A calibration curve is used to know the instrumental response to an analyte and determine the analyte’s concentration in a sample; it is a plot of how the response changes with the analyte concentration. The linear part of this plot can then be used to guess the concentration of a sample of the analyte, by linking its reaction to said concentration. It is made by preparing a set of standard solutions with known concentrations of the analyte.
Calibration standards are used to create a calibration curve, from which the concentrations of analytes in Quality controls and unknown study samples are determined. Each calibration standard should meet the pre-defined criteria for accuracy, precision, and selectivity. The precision and reproducibility of the bioanalytical assays are ensured by monitoring the calibration curve over repeated batch assays.
Ligand Binding Assays (LBAs) and chromatographic assays
There are significant differences between calibration curves in Ligand Binding Assays (LBAs) and chromatographic assays. In chromatographic assays, the calibration curve is prepared by calculating the response from a set of standards where it is usually in a linear function of the concentration.
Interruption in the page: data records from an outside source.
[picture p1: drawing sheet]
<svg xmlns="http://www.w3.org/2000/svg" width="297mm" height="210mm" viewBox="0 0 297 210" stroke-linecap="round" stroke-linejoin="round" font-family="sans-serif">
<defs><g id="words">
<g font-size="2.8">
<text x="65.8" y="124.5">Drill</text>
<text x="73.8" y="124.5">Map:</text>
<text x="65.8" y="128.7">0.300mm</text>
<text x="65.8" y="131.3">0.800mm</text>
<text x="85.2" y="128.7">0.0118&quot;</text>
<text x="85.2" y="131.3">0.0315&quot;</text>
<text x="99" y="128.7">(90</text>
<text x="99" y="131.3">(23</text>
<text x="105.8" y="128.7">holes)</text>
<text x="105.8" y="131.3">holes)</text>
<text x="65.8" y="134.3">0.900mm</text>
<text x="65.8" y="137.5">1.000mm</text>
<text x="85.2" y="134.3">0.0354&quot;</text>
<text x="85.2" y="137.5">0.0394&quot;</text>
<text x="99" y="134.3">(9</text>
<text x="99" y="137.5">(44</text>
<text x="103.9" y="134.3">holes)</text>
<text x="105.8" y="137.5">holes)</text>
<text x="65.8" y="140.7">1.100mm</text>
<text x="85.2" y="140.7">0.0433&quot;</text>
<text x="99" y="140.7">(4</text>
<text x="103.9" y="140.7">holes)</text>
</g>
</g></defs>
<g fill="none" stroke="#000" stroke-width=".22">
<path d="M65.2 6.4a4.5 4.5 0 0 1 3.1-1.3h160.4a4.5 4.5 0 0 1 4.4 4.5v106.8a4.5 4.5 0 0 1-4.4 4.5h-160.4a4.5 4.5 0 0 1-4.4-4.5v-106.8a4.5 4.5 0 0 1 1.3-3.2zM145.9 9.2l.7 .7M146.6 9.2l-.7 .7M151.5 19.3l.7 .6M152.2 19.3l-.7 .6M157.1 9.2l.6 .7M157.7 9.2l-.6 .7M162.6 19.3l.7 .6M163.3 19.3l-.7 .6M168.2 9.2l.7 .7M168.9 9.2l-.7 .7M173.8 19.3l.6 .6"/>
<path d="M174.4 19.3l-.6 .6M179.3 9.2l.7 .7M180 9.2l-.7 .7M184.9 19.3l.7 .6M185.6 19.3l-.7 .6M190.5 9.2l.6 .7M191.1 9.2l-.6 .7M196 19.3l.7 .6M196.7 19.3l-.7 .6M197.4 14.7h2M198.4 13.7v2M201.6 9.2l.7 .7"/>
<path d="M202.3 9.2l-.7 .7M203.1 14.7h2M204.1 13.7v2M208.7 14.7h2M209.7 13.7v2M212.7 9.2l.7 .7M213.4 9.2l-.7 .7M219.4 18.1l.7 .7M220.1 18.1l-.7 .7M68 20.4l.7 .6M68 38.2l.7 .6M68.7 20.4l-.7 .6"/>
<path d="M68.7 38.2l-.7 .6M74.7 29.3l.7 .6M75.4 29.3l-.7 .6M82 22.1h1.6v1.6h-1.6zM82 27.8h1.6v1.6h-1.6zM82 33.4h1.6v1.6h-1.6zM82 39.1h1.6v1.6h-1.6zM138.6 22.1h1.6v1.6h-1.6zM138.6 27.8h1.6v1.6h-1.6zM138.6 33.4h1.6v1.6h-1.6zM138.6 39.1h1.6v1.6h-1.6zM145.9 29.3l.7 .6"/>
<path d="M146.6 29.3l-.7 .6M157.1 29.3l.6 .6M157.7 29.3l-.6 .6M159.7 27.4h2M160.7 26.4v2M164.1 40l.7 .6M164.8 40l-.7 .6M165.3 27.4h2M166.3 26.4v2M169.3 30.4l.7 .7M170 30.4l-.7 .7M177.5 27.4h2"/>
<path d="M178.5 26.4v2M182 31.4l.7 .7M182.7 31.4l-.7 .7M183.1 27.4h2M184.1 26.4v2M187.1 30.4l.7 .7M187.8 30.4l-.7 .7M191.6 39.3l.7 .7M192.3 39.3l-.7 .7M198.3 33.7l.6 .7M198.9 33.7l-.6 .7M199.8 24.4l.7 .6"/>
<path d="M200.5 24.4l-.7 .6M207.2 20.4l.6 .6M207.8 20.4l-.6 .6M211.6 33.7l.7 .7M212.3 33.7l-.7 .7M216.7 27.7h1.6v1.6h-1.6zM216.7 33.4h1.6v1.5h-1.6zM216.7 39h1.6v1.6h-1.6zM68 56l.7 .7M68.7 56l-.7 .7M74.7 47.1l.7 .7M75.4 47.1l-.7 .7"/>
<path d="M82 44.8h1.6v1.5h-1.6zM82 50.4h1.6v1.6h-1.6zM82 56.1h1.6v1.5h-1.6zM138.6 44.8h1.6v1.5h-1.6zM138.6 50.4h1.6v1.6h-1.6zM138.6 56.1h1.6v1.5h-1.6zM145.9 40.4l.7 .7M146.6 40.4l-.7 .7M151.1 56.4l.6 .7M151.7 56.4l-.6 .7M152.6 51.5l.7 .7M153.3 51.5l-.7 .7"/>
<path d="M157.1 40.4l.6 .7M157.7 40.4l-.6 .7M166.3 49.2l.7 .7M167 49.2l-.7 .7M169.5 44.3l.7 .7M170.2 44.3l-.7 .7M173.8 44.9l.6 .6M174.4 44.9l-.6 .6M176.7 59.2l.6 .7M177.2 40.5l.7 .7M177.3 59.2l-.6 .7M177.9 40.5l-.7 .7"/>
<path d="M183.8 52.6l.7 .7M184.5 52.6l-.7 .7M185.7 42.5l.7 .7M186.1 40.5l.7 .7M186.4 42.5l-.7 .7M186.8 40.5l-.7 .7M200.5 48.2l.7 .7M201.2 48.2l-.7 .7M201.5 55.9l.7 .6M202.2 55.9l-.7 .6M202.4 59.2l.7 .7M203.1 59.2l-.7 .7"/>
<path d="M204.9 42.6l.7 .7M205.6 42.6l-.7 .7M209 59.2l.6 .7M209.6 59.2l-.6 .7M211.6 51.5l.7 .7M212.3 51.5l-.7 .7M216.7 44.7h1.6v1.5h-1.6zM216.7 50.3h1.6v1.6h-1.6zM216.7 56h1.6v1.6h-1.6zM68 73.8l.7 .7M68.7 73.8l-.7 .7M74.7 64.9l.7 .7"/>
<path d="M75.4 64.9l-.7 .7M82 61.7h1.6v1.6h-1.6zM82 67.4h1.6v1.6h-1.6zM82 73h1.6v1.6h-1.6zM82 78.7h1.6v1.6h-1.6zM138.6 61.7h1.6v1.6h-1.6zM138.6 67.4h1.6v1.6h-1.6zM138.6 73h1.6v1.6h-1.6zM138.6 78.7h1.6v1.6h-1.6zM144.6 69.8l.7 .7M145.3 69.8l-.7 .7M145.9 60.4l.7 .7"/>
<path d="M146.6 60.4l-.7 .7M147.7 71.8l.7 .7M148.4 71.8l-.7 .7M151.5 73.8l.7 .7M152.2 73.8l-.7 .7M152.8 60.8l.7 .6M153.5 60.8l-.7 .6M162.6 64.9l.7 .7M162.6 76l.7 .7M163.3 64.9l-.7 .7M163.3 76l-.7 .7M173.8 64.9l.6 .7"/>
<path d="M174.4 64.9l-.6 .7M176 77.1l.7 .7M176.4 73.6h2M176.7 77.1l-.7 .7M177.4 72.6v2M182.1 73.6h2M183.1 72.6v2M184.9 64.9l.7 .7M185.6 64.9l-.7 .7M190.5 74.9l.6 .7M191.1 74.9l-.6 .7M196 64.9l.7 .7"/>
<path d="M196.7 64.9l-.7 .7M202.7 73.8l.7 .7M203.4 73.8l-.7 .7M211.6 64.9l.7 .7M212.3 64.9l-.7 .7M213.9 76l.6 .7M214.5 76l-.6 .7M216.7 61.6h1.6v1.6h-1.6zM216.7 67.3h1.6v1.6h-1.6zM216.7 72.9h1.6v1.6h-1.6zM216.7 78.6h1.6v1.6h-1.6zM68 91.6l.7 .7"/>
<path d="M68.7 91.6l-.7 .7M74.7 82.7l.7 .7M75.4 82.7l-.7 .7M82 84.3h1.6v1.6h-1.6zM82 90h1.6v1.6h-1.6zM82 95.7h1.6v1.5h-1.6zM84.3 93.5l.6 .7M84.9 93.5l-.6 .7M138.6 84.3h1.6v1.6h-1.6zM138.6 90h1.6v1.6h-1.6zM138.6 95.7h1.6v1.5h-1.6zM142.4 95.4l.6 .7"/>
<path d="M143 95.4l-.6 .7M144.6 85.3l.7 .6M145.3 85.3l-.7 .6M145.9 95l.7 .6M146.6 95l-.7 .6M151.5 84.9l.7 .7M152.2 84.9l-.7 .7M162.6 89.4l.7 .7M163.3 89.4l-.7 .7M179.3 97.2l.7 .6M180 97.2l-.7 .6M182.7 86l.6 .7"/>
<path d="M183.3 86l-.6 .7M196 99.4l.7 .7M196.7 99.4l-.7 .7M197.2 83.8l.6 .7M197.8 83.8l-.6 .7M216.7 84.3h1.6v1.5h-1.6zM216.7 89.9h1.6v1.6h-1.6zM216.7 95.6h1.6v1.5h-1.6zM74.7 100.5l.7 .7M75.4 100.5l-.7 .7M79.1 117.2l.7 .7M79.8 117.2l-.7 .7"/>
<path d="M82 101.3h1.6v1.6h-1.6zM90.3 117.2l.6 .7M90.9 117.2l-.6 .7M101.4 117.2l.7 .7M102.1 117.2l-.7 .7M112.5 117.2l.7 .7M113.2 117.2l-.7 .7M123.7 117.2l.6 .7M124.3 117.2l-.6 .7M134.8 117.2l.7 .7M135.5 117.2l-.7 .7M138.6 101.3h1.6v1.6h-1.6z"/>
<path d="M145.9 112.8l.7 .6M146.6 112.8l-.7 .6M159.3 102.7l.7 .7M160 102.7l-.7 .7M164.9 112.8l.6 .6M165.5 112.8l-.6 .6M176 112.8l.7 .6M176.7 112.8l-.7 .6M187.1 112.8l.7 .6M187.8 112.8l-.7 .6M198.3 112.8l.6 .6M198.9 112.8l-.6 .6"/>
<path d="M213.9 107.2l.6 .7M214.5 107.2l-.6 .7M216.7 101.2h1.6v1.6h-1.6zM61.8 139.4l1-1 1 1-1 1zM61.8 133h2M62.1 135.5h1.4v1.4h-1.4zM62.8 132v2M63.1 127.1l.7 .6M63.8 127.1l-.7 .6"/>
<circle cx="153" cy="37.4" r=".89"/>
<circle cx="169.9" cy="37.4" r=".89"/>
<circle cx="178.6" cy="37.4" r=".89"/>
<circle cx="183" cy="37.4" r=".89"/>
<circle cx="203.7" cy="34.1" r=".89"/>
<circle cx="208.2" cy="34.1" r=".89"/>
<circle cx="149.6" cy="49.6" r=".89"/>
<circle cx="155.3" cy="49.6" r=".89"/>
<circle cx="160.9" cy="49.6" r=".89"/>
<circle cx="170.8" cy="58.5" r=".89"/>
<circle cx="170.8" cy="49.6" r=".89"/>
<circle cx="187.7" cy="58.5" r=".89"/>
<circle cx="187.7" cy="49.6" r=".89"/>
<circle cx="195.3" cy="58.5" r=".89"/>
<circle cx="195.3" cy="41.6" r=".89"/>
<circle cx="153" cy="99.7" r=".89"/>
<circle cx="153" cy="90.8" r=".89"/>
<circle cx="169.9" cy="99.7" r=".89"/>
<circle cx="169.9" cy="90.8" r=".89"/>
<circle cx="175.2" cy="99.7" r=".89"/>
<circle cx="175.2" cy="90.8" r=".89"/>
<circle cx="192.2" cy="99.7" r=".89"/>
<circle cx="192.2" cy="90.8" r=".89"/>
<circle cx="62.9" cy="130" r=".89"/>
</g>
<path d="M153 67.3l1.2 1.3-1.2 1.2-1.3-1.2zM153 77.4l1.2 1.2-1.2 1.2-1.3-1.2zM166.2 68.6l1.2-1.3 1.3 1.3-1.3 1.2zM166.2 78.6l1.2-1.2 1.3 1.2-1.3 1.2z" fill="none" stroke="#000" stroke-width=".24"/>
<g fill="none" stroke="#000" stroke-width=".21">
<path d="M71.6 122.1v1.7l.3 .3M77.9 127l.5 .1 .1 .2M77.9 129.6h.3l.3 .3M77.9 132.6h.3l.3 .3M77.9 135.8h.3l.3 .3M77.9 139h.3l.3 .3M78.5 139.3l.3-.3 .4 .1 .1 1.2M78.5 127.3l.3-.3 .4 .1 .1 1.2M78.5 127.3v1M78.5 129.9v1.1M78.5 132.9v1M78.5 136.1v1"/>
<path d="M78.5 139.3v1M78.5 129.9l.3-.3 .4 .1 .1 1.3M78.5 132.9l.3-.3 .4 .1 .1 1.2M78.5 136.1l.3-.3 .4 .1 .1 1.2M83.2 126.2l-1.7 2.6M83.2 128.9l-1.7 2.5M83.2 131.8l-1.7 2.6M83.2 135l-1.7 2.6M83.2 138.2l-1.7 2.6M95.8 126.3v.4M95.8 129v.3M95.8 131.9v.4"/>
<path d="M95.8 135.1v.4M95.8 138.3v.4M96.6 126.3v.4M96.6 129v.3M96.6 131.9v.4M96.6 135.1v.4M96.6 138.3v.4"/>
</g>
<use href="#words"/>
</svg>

Unlike LBAs, the instrument response may be directly or inversely linked to the analyte concentration, depending on the assay’s format. LBAs depend on the analyte’s interaction with a binding agent like an antibody or a receptor component; this is in divergence to traditional chromatographic assays. Detecting the analyte is free of its binding to a macromolecule. The dynamic equilibrium nature of protein-protein interaction leads to a non-linear response in LBAs and needs more complex mathematical fitting.
Assay sensitivity
The definition of a clinical trial’s assay sensitivity states the trial’s ability to differentiate between an effective treatment and a less effective or an ineffective one. It is a crucial consideration when designing, conducting, and analyzing a clinical trial. The lack of adequate assay sensitivity has different indications. A trial is neither internally valid nor is proficient in comparing the effectiveness of two interventions.
Analytical sensitivity
Analytical sensitivity is simply the ability of a test to detect a target analyte such as an antibody or antigen, which is typically expressed as the smallest detectable concentration of the analyte in a sample that can accurately be calculated by an assay.
Quality controls
Quality controls are employed to assess the precision and accuracy of an assay and the samples’ stability. Quality control standard (QC) is a spiked sample used to observe a bioanalytical method’s performance and evaluate the integrity and validity of the results of the unknown samples analyzed in an individual batch. QCs should be prepared by applying a similar matrix that is as close as attainable to the study matrix. A recommendation is that the preparation of QCs should be free of calibrators to prevent systemic spiking errors. They should also be spiked separately at each level instead of through serial dilutions of the high QC.
In LBA methods, a calibration curve is utilized to interpolate anonymous samples and assay quality control concentrations. The calibrators and Quality controls should be made in lots of blank matrices free of interference or matrix effects.